The FAST1™ Intraosseous Infusion System is indicated for use in establishing a sternal intraosseous access route in adult and adolescent patients (12 years of age and older) requiring vascular administration of drugs or fluids to facilitate emergency resuscitation.

The FASTI™ Intraosseous Infusion System has been designed to provide alternative access of the circulatory system to intravenous infusion. It utilizes intraosseous infusion in order to facilitate emergency resuscitation through the use of fluids and drugs. The device has been designed for use on the manubrium, the upper (superior) portion of the sternum.

The provided text is a 510(k) summary for the FAST1™ Intraosseous Infusion System. It details an expansion of the intended use population to include adult and adolescent patients (12 years and older).

Based on the provided text, there is no study described that proves the device meets specific acceptance criteria in terms of quantitative performance metrics. The submission primarily focuses on demonstrating substantial equivalence to predicate devices, rather than presenting a performance study with defined acceptance criteria and results.

Here's a breakdown of the requested information based on the provided text, with "N/A" where the information is not present:

1. Table of acceptance criteria and the reported device performance:
   • Acceptance Criteria: Not explicitly stated in terms of quantitative performance metrics for a new study. The acceptance criterion for this 510(k) appears to be "Substantial Equivalence" to predicate devices.
   • Reported Device Performance: The primary "performance" reported is that the device has the "same intended use and the same or similar technological characteristics as the predicate devices." (Section VII)

2. Sample size used for the test set and the data provenance: N/A. No specific test set or data from a performance study is described.
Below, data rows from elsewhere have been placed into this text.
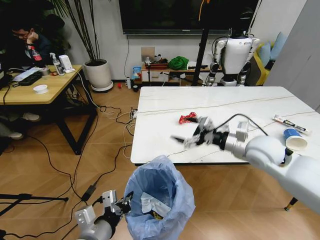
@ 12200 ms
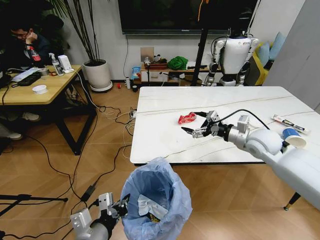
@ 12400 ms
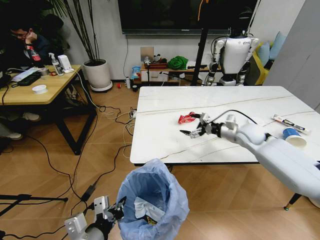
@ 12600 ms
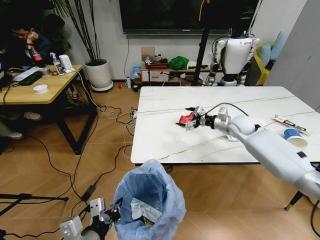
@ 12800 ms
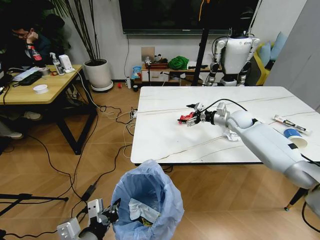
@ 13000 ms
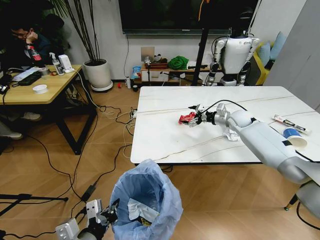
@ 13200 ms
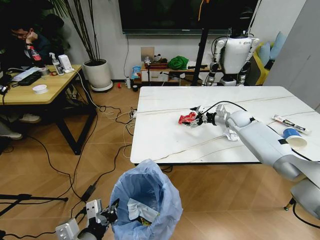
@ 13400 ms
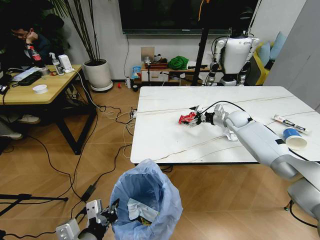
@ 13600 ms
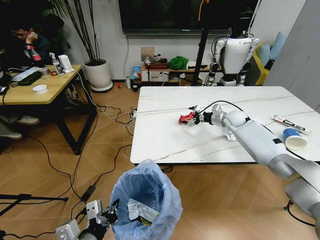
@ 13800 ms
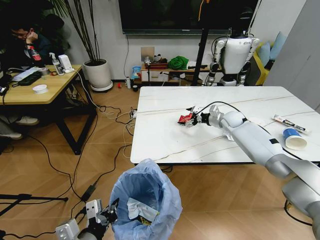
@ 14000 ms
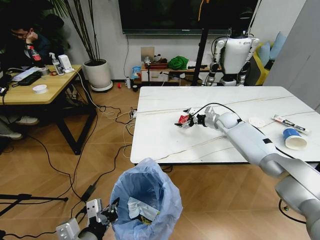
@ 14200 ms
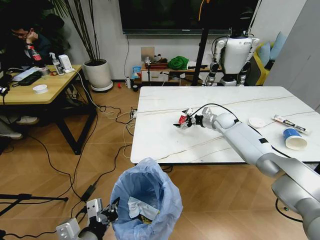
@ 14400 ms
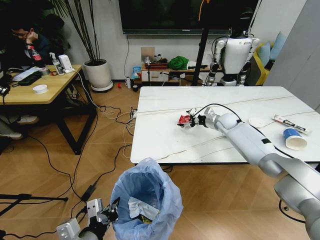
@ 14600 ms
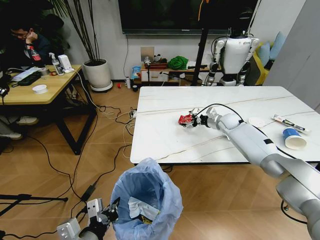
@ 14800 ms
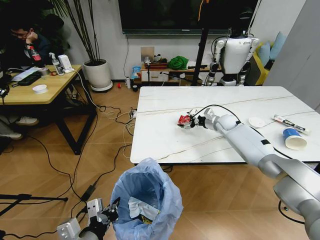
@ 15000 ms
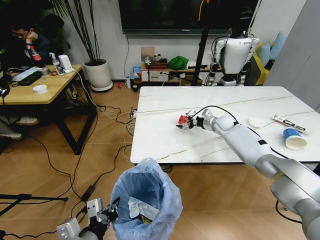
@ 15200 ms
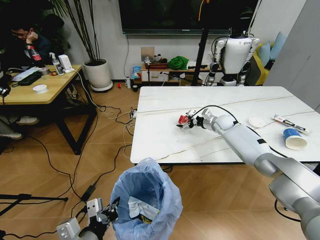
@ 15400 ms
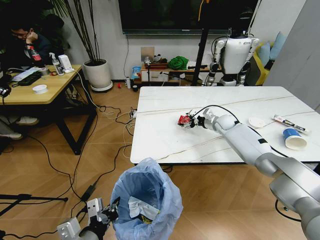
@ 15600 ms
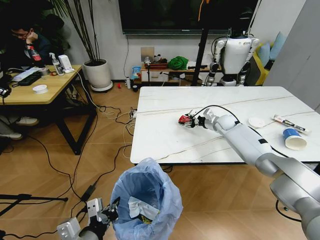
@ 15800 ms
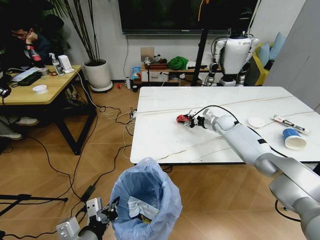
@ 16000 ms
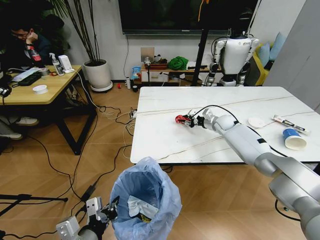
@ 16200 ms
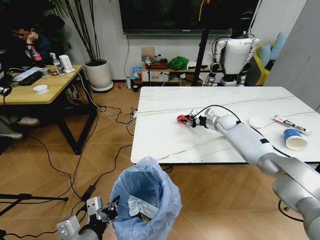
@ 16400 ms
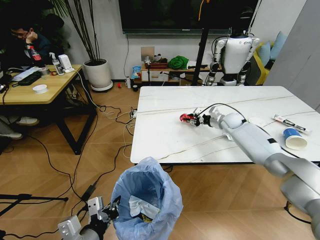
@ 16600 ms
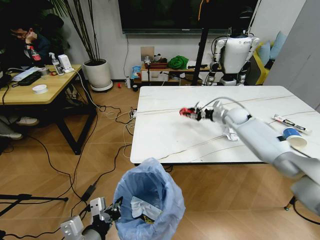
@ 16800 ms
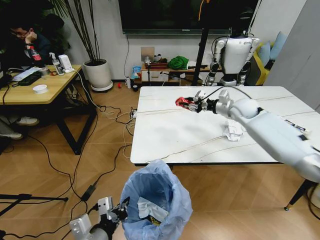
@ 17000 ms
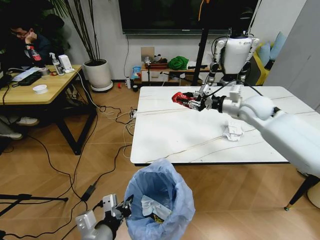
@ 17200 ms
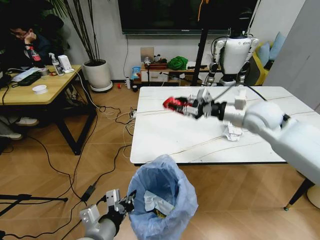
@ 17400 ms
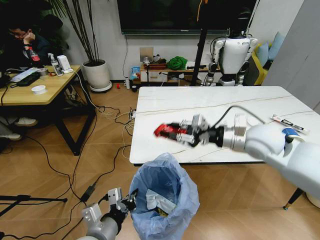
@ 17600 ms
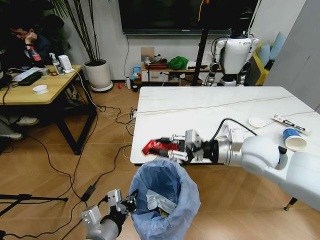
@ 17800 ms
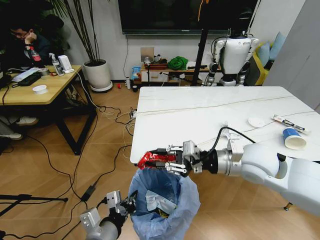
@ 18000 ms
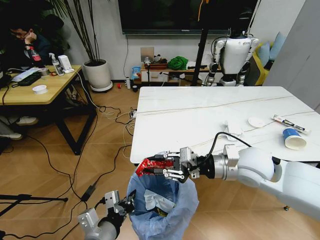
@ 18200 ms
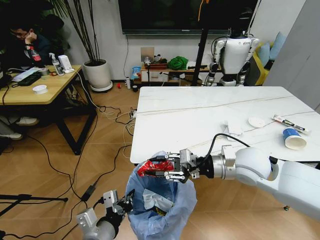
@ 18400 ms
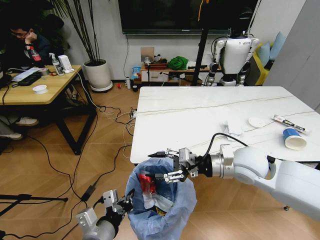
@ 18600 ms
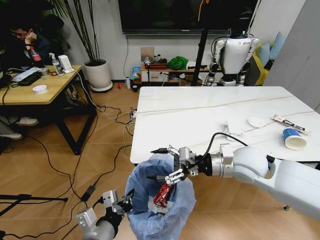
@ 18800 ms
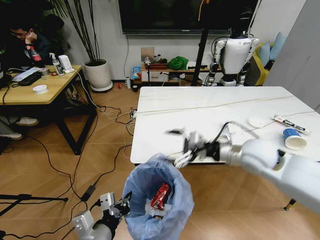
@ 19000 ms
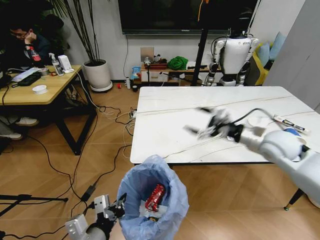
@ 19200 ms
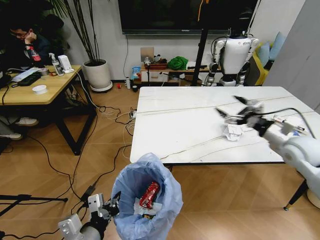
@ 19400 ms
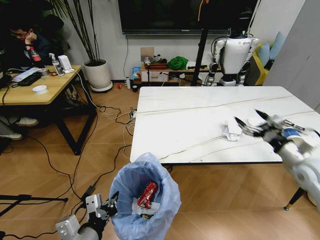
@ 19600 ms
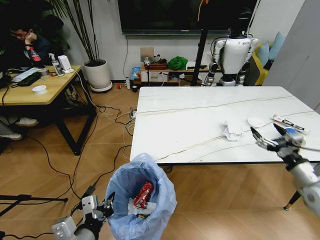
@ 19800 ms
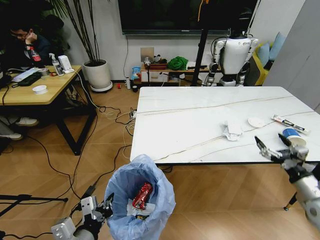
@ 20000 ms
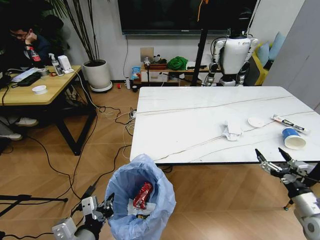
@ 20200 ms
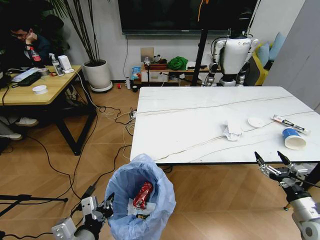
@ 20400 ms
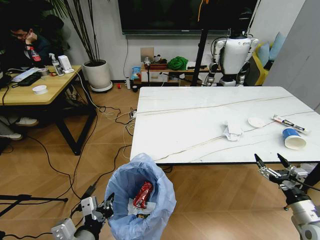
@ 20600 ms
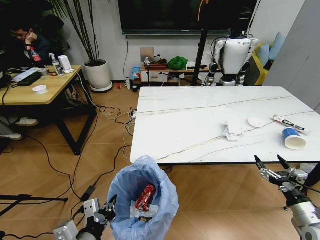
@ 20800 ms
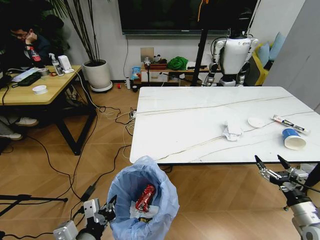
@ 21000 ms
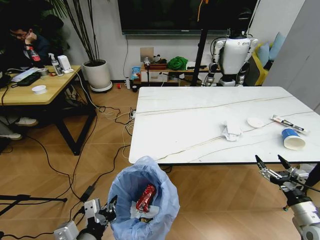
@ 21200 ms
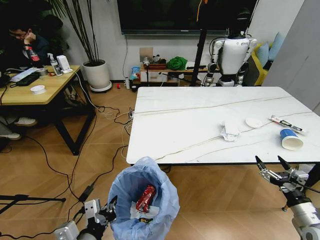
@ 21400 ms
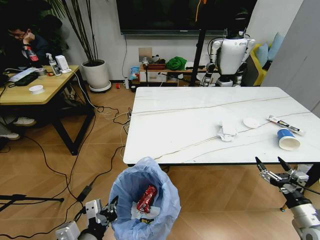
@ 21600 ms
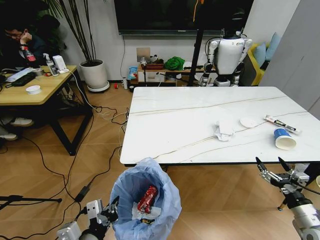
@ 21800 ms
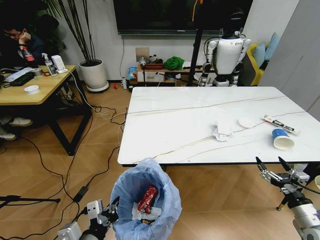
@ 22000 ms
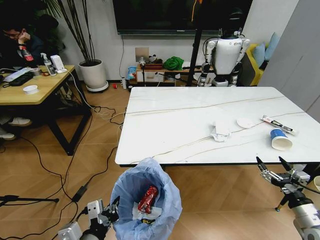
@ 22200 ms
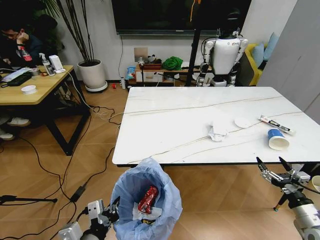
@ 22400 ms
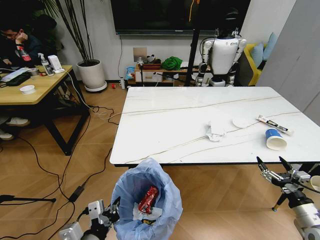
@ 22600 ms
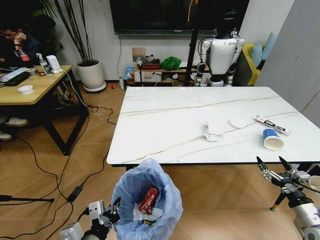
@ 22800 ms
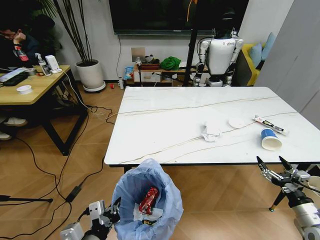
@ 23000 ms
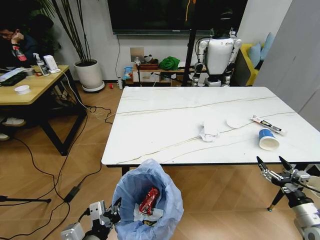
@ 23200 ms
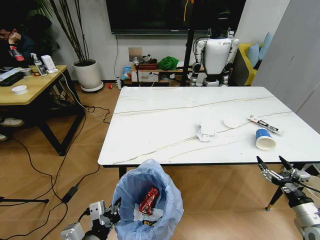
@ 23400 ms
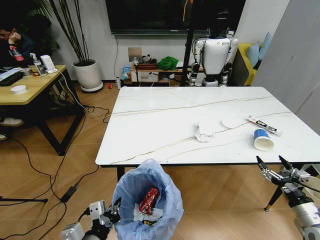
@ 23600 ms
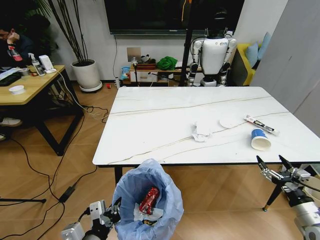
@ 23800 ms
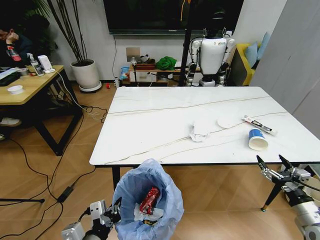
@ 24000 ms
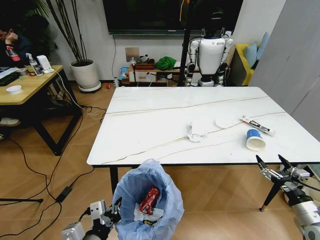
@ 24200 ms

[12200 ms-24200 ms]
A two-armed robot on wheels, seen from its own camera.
Task of the whole recording: Pick up the trash bin and place the trash from the table into it.
12200 ms to 13800 ms: The right gripper goes roughly 25 cm forward.
13800 ms to 15200 ms: The right gripper moves some 5 cm.
15200 ms to 16600 ms: The right gripper closes its fingers.
16600 ms to 18200 ms: The right gripper is displaced backward and upward by some 30 cm.
18200 ms to 19800 ms: The right gripper travels to the right and downward by about 25 cm, and opens its fingers.
19800 ms to 21200 ms: The right gripper shifts approximately 10 cm backward and downward.

The submission relies on the substantial equivalence to previously cleared devices.
3. Number of experts used to establish the ground truth for the test set and the qualifications of those experts: N/A. No ground truth establishment by experts for a test set is described.
4. Adjudication method for the test set: N/A. No test set requiring adjudication is described.
5. If a multi reader multi case (MRMC) comparative effectiveness study was done, If so, what was the effect size of how much human readers improve with AI vs without AI assistance: N/A. This device is not an AI-assisted diagnostic tool, but a medical device for intraosseous infusion. Therefore, an MRMC study as typically performed for AI products is not applicable here.
6. If a standalone (i.e. algorithm only without human-in-the-loop performance) was done: N/A. This is a physical medical device, not an algorithm.
7. The type of ground truth used (expert consensus, pathology, outcomes data, etc.): N/A. No ground truth is described in the context of a new performance study. The ground for decision-making is substantial equivalence.
8. The sample size for the training set: N/A. No algorithm training is described.
9. How the ground truth for the training set was established: N/A. No algorithm training or corresponding ground truth establishment is described.

Summary of the study that proves acceptance criteria (as per the document):

The "study" presented is a substantial equivalence argument. The manufacturer asserts that the FAST1™ Intraosseous Infusion System (with expanded intended use population) is substantially equivalent to two predicate devices:

• The original FAST1™ Intraosseous Infusion System cleared under K072487.
• The EZ-IO Intraosseous Infusion System from Vidacare Corporation cleared under K052195.

The basis for this "proof" is that the modified device has the "same intended use and the same or similar technological characteristics" as the predicate devices. The document explicitly states: "The differences in technological characteristics between the modified and the predicate devices do not raise issues with the safety and effectiveness of the modified FAST1™ Intraosseous Infusion System." This implies that prior safety and effectiveness data for the predicate devices, and the inherent similarities, are considered sufficient evidence for accepting this expansion of intended use. There is no new clinical or performance study detailed in this 510(k) summary to establish novel acceptance criteria or performance metrics.